───── SUPPLIED INFORMATION ─────

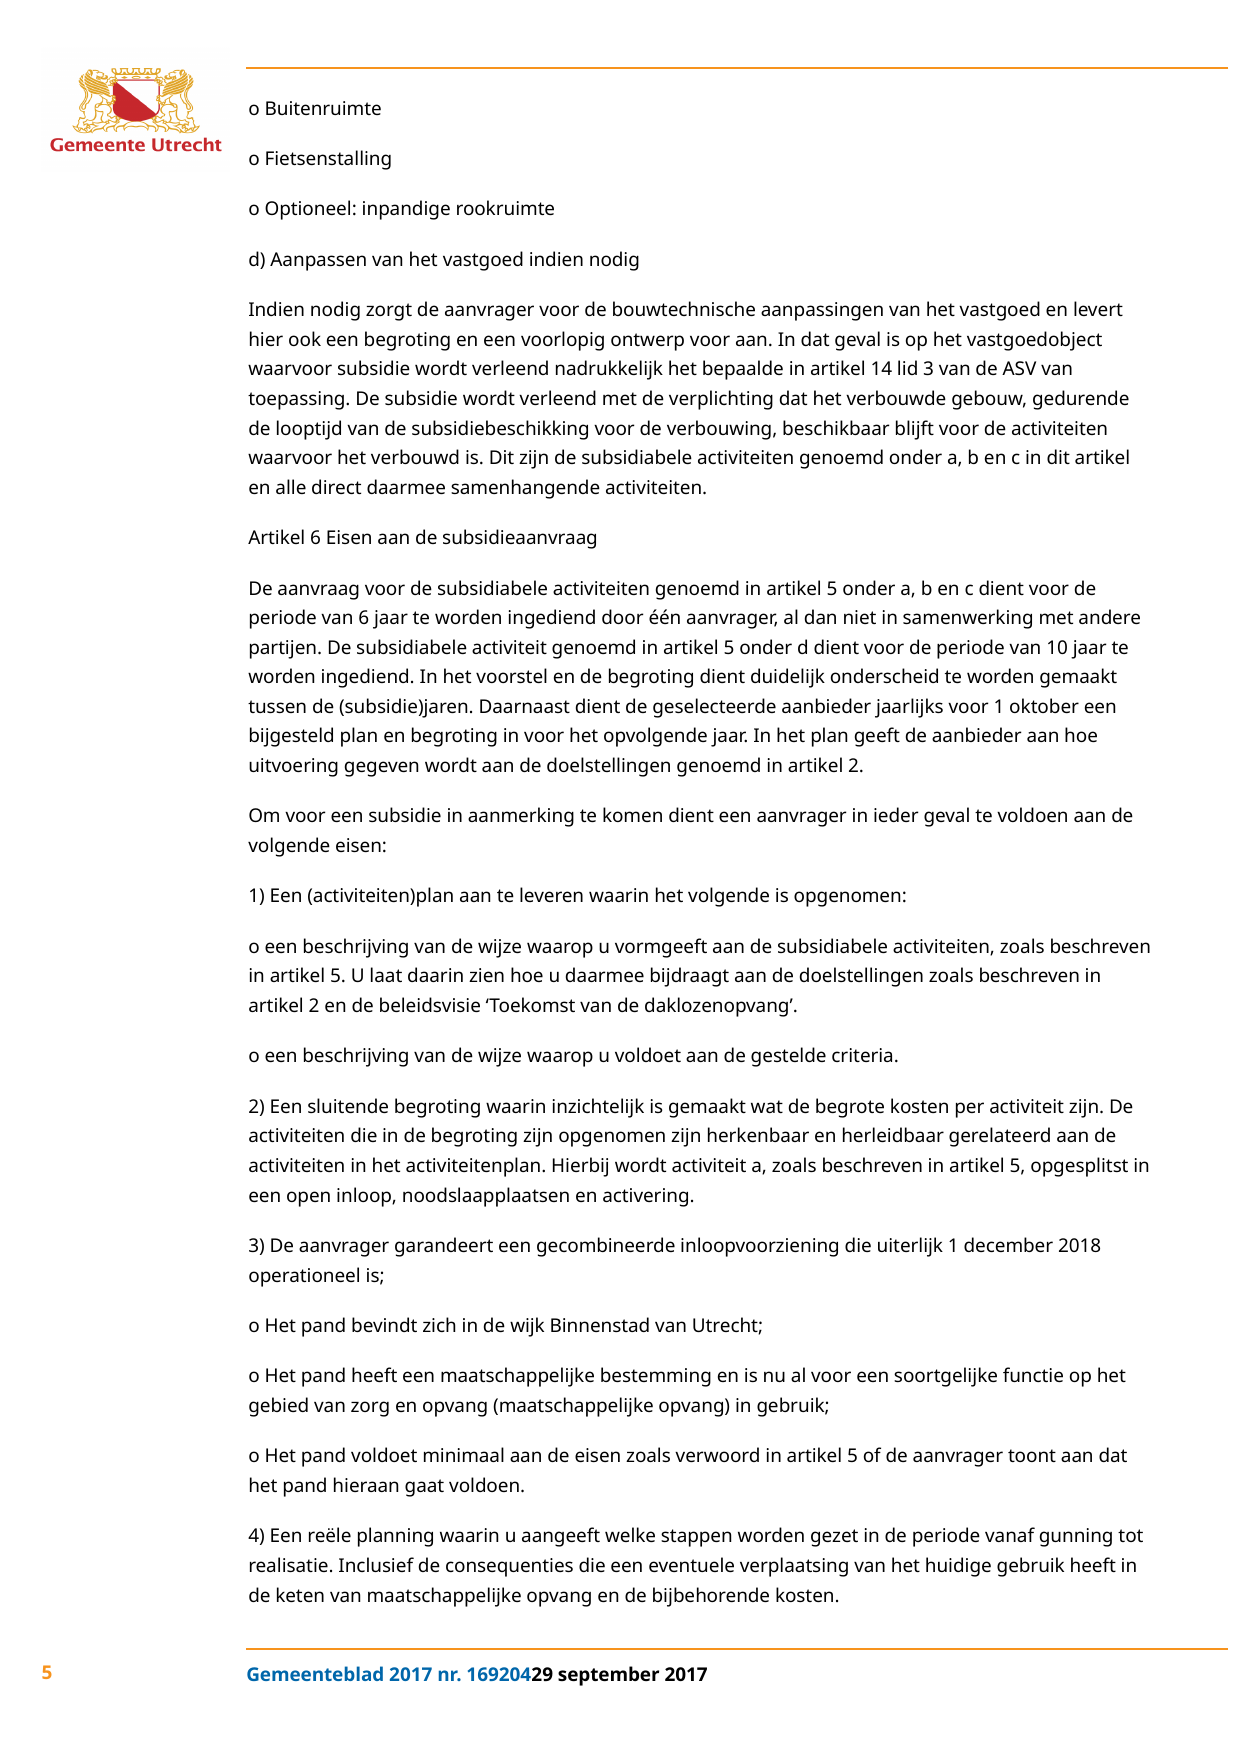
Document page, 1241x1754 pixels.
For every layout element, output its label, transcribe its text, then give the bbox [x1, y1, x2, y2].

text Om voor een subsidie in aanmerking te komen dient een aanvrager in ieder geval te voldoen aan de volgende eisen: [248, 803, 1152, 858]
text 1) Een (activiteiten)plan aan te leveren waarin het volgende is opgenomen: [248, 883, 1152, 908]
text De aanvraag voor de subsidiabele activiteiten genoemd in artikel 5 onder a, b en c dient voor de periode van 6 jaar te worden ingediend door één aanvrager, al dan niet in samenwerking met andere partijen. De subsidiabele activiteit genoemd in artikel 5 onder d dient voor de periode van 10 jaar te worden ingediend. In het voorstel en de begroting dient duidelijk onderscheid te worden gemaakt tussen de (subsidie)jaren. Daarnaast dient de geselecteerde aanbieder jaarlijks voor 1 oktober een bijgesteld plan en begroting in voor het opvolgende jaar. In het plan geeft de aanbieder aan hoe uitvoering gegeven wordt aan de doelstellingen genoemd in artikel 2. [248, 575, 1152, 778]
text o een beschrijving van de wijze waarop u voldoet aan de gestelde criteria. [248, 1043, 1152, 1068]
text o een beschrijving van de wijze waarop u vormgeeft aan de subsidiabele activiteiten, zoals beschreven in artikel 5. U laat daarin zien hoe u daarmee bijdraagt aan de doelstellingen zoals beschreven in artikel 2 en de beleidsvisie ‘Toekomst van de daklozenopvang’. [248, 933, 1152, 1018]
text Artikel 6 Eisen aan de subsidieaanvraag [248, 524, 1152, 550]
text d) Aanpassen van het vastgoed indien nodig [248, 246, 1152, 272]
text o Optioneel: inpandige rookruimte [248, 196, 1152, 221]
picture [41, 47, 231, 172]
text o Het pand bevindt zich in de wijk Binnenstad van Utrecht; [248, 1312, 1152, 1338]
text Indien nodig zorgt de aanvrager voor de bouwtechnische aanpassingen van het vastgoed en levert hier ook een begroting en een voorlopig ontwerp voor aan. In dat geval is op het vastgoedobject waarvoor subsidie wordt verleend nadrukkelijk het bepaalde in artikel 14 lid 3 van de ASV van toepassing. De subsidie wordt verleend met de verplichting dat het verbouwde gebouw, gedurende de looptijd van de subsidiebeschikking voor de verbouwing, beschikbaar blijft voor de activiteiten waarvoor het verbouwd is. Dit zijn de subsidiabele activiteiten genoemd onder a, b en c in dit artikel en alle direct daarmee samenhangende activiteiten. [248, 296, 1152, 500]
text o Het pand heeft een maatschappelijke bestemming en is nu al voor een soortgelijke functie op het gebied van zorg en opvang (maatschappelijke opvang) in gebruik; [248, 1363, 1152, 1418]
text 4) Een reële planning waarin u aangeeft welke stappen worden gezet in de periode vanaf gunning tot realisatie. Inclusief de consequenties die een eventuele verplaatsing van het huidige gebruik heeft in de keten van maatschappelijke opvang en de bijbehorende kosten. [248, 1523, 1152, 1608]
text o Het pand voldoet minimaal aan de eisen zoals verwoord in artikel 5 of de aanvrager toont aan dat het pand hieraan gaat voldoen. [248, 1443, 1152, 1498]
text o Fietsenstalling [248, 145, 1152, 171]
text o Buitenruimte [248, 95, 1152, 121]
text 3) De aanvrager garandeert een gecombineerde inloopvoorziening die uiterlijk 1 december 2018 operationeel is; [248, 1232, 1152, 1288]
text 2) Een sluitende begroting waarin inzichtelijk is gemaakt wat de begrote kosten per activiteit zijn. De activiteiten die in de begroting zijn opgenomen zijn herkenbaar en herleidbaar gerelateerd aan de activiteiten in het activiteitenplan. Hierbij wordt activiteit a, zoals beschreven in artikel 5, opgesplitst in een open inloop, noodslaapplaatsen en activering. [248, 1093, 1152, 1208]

─────
───── SUPPLIED INFORMATION ─────

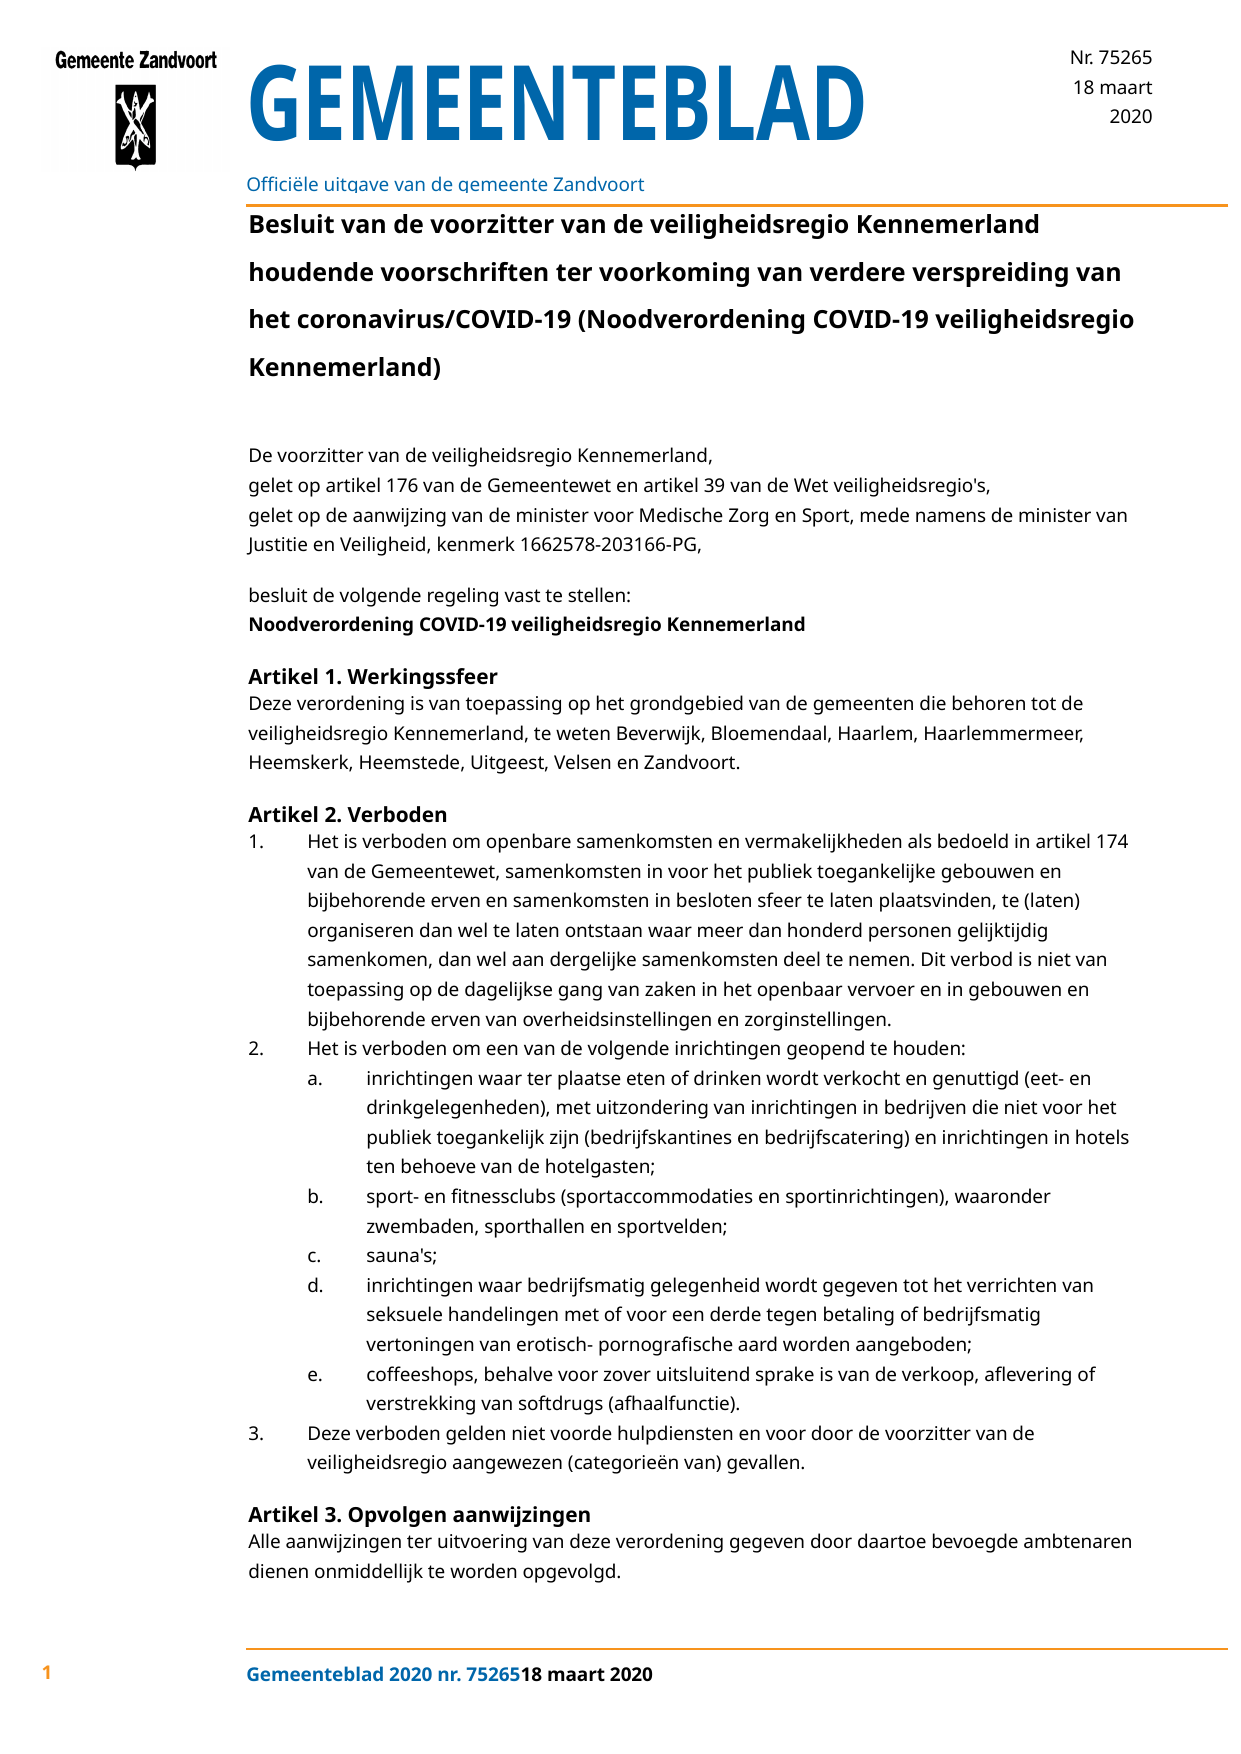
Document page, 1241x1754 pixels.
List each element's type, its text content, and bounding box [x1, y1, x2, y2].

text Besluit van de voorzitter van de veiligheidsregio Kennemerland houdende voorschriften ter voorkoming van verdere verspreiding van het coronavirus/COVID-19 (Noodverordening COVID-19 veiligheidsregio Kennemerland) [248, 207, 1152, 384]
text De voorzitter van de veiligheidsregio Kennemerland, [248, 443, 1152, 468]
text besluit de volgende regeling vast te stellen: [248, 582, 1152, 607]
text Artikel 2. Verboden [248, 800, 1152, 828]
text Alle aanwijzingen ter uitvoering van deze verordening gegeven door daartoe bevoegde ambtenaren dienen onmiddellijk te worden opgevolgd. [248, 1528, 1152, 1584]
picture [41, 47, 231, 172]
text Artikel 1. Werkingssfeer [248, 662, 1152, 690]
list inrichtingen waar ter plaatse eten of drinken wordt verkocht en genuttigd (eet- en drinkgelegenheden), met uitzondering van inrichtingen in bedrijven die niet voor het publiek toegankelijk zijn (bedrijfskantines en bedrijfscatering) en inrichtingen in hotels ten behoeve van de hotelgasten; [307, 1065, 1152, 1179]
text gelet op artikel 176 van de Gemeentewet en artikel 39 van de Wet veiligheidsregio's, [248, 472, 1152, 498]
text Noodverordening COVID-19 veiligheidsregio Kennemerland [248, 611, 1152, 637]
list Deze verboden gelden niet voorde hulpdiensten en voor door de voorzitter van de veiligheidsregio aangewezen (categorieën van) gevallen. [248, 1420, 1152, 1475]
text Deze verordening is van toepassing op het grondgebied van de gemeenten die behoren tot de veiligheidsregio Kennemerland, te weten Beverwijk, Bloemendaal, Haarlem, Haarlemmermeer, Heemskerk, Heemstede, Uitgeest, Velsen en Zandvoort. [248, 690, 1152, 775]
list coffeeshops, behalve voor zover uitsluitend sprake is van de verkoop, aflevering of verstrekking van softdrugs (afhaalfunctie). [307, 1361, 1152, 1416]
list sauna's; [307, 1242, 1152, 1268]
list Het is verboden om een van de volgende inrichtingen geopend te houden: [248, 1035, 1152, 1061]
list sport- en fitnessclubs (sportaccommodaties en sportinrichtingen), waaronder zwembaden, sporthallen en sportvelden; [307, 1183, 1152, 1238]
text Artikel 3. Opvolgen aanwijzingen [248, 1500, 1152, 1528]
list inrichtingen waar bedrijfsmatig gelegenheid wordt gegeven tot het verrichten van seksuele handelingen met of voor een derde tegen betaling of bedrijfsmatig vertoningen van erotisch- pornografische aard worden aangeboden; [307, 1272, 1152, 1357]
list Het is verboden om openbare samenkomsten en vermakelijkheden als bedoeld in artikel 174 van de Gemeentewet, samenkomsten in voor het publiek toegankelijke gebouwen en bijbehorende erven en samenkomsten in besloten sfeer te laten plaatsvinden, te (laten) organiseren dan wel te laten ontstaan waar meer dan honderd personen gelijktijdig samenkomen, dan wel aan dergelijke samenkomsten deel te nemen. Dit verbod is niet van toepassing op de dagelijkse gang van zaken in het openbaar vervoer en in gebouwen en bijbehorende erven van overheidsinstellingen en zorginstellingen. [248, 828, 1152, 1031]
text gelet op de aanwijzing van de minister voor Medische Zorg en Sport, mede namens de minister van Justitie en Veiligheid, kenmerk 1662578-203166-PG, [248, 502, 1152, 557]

─────
───── SUPPLIED INFORMATION ─────

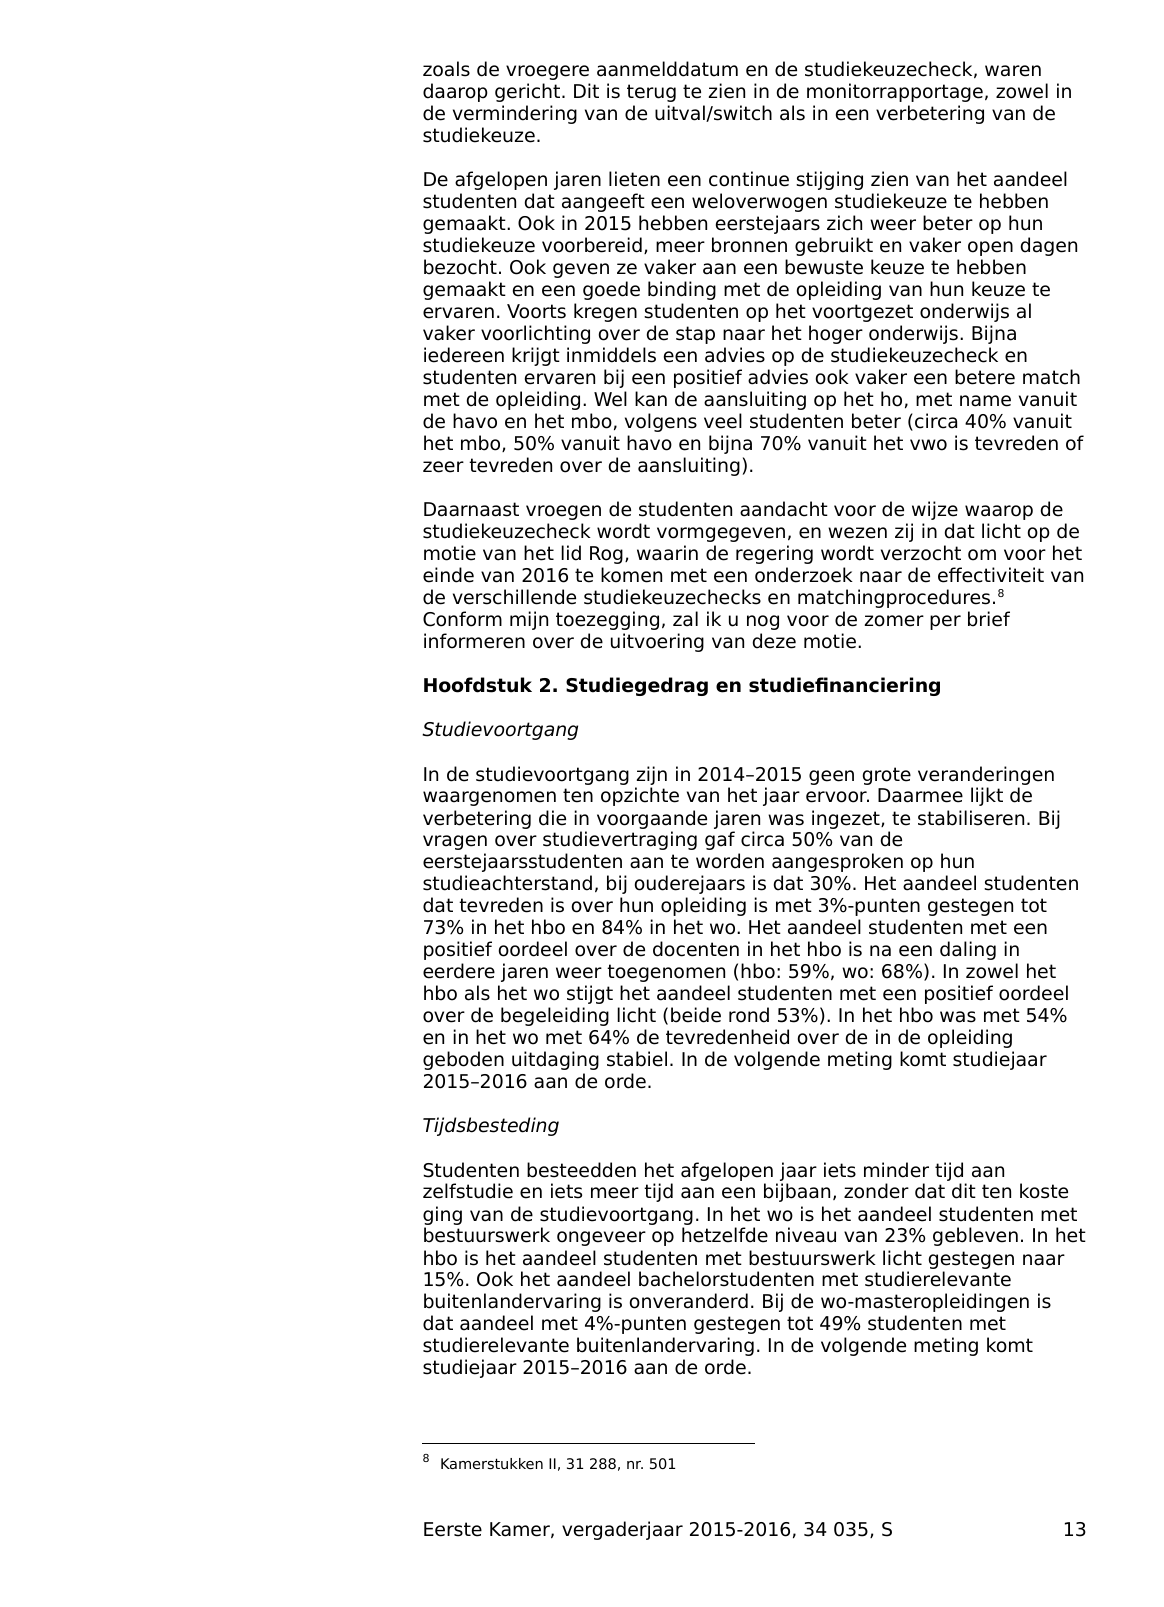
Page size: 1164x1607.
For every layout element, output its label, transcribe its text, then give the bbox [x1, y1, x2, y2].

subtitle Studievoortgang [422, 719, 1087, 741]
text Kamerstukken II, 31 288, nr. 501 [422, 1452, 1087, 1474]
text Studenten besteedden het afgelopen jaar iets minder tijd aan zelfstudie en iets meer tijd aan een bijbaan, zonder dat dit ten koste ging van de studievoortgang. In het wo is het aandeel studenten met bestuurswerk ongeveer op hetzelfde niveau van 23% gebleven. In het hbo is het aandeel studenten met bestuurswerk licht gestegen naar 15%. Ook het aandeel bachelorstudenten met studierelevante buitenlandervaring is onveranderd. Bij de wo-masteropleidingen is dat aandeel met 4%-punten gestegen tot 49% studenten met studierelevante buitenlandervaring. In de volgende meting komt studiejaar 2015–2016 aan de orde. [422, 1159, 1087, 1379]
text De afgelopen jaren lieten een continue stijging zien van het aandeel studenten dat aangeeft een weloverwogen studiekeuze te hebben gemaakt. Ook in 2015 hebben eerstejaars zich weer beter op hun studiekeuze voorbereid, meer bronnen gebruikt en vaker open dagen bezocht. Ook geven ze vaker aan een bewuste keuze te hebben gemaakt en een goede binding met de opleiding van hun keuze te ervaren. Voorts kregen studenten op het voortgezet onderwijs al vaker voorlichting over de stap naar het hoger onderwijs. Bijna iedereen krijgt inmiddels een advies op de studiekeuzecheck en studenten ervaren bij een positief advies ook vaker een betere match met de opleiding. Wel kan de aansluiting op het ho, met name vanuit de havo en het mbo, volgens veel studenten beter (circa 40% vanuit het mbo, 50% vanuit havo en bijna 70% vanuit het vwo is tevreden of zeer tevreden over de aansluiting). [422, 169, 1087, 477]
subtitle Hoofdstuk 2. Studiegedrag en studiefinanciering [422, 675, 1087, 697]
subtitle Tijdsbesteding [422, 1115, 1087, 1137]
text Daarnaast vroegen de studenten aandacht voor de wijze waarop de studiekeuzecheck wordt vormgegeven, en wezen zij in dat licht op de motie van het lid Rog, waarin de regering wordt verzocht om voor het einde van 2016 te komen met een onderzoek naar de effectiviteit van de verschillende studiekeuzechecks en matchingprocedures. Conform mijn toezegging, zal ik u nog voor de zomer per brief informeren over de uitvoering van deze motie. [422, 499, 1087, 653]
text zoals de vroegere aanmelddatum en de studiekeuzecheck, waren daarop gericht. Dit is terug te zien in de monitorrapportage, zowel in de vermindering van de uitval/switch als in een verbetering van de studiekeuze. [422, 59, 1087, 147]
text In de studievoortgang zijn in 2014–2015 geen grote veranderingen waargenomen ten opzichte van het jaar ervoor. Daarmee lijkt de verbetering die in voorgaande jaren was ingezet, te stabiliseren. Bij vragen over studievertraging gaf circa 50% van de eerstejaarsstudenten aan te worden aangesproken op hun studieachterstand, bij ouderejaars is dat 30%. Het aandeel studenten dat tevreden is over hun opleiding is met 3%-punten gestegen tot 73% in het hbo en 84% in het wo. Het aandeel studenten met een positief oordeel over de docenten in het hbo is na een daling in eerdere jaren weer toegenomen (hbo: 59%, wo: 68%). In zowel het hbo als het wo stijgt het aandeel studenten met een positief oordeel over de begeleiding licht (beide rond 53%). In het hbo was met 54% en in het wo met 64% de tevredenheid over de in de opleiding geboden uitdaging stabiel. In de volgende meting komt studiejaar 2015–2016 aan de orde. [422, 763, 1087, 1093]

─────

* _AIM OF THE TASK_
A single number is the whole answer: report how many lines in the data above include the word "bijbehorende".

* _EXERCISE OUTPUT_
2